Reprint the lines below as they are, minus the pictures.

* Given data *

***

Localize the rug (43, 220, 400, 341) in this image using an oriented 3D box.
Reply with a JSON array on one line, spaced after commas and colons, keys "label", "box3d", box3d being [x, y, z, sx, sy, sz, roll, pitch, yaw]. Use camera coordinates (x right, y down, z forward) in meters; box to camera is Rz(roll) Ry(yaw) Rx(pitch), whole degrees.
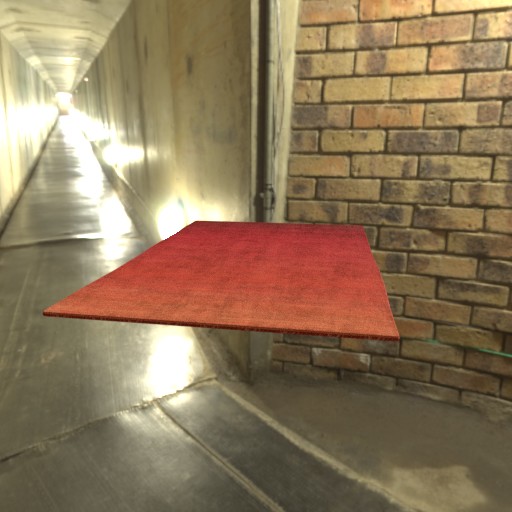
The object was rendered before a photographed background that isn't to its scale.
[{"label": "rug", "box3d": [0.000, 0.000, 2.334, 1.230, 0.018, 1.835, 2, 15, 9]}]

***

* Result of this exercise *
Localize the rug (43, 220, 400, 341) in this image using an oriented 3D box.
Reply with a JSON array on one line, spaced after commas and colons, keys "label", "box3d", box3d being [x, y, z, sx, sy, sz, roll, pitch, yaw]. Use camera coordinates (x right, y down, z forward) in meters; box to camera is Rz(roll) Ry(yaw) Rx(pitch), whole degrees.
The object was rendered before a photographed background that isn't to its scale.
[{"label": "rug", "box3d": [0.000, 0.000, 2.334, 1.230, 0.018, 1.835, 2, 15, 9]}]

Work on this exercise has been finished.